● Task objective: Copy the lines below, please, starting with the one that contains "What is on top" and ending with the last. Pictures stay out.

○ ○ ○ ○ ○

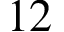<formula> <loc_0><loc_0><loc_500><loc_500>1 2</formula> 
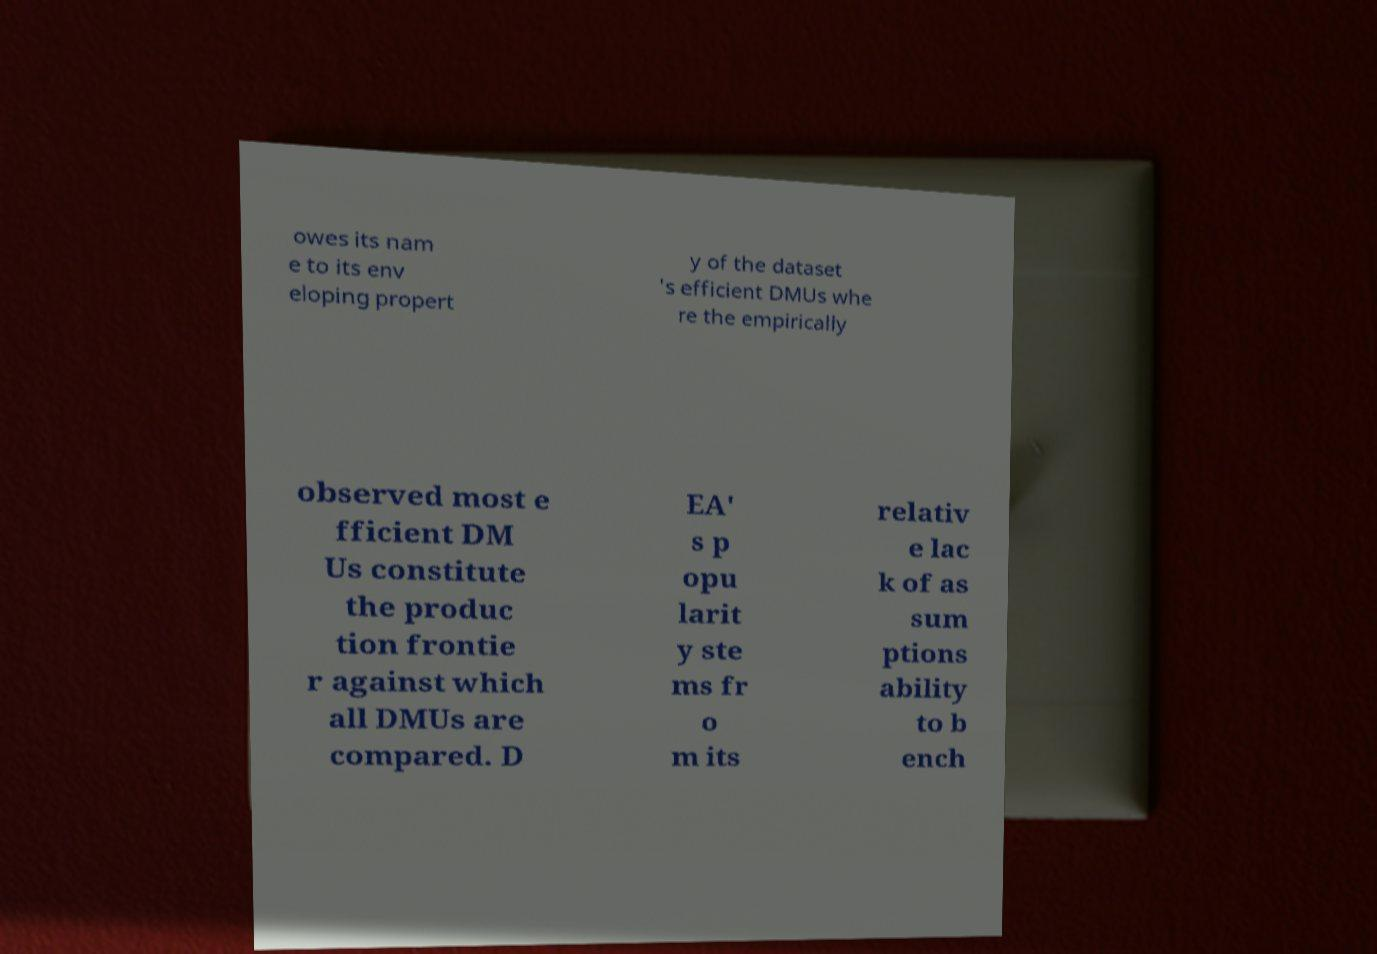Please read and relay the text visible in this image. What does it say? owes its nam e to its env eloping propert y of the dataset 's efficient DMUs whe re the empirically observed most e fficient DM Us constitute the produc tion frontie r against which all DMUs are compared. D EA' s p opu larit y ste ms fr o m its relativ e lac k of as sum ptions ability to b ench 
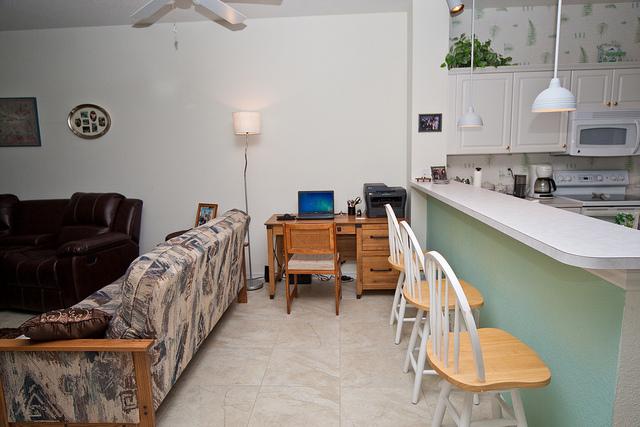What is on top of the desk near the laptop computer?
Short answer required. Printer. Is there a ceiling fan?
Short answer required. Yes. Where is the lamp?
Short answer required. Next to desk. Does the decor in this room match?
Give a very brief answer. No.

○ ○ ○ ○ ○

● Written reply:
What is on top of the desk near the laptop computer?
Short answer required. Printer. Is there a ceiling fan?
Short answer required. Yes. Where is the lamp?
Short answer required. Next to desk. Does the decor in this room match?
Give a very brief answer. No.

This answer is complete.